Thanks to the EMPIR project Developing research capabilities for traceable intraocular pressure measurements (16RPT03, InTense) the situation is now changing.

During the now completed project the Slovak University of Technology in Bratislava (STU BA) developed a virtual digital model of the eye’s cornea which formed the basis for the construction of a real mechanical model.

This ‘artificial eye’ – consisting of a piston pressure generator and a pressure chamber with an artificial cornea – was built to act as a new transfer standard for tonometer calibration.

The calibration ability of the new standard was tested in an interlaboratory comparison against  a set of silicone eyes commonly used in calibration and verification procedures, by STU BA and CMI, the Czech National Metrology Institute (NMI) and supported by SMU, the NMI of Slovakia. After the comparison a clinical trial took place, at the Ružinov Hospital in Bratislava, Slovakia.
These comparisons confirmed the high potential of the eye model, setting the stage for the successful development of the artificial eye as a universal transfer standard in the near future.
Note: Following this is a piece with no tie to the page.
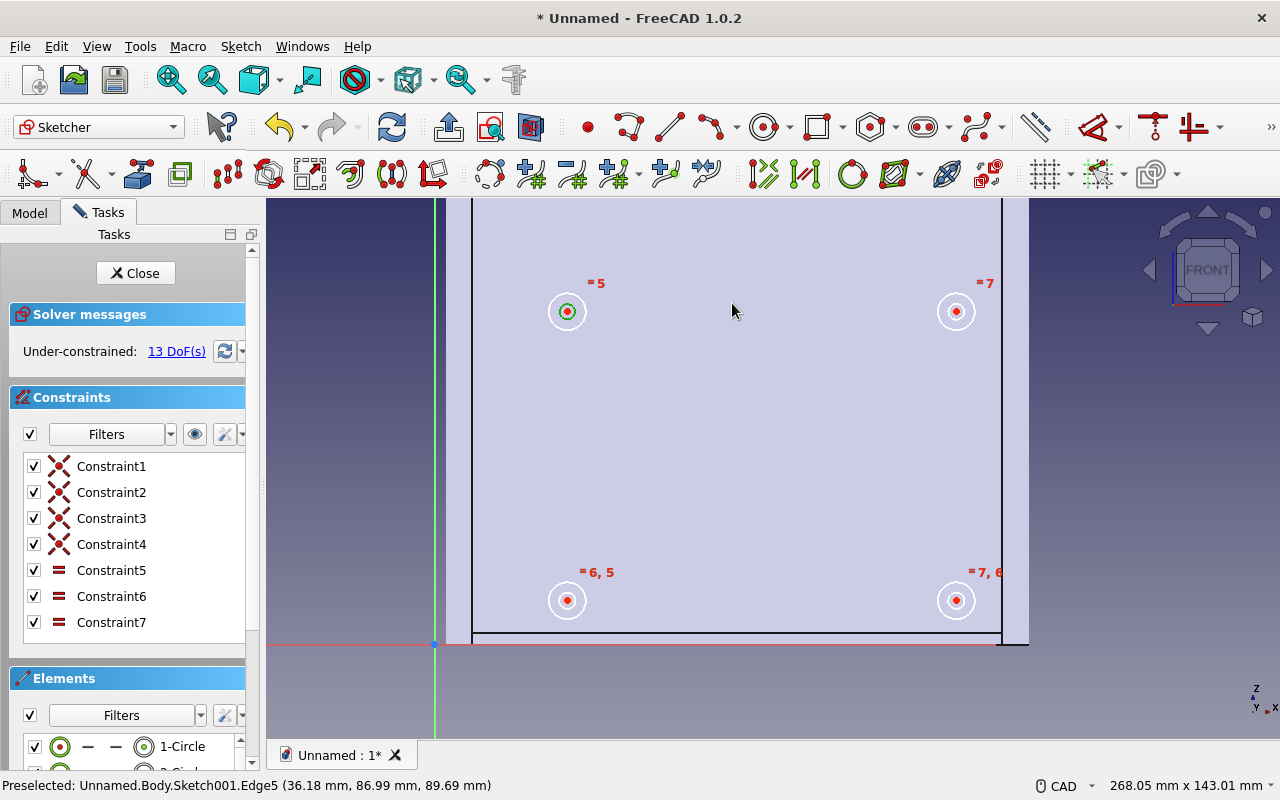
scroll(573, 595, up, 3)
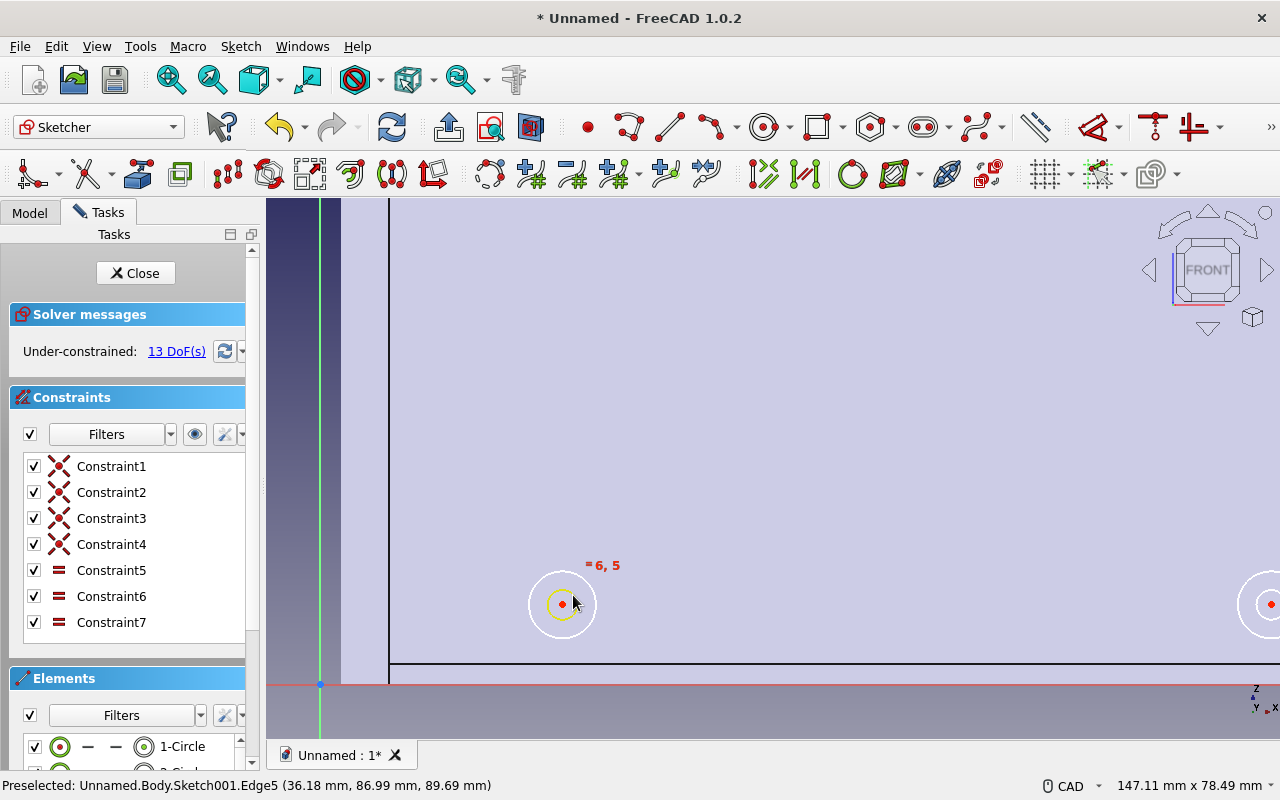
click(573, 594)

The new standard, along with the new calibration facility for calibration of eye tonometers also developed in the project, will go a long way to providing better protection against glaucoma in Europe.

Dominik Pražák (CMI) who coordinated the highly successful project has said about the work :

” We hope that this universal transfer-standard will one day replace the fragmented, specialized solutions and will contribute to a uniform, easier and cheaper assurance of the metrological traceability of the intraocular pressure measurements.”

This EMPIR project is co-funded by the European Union's Horizon 2020 research and innovation programme and the EMPIR Participating States.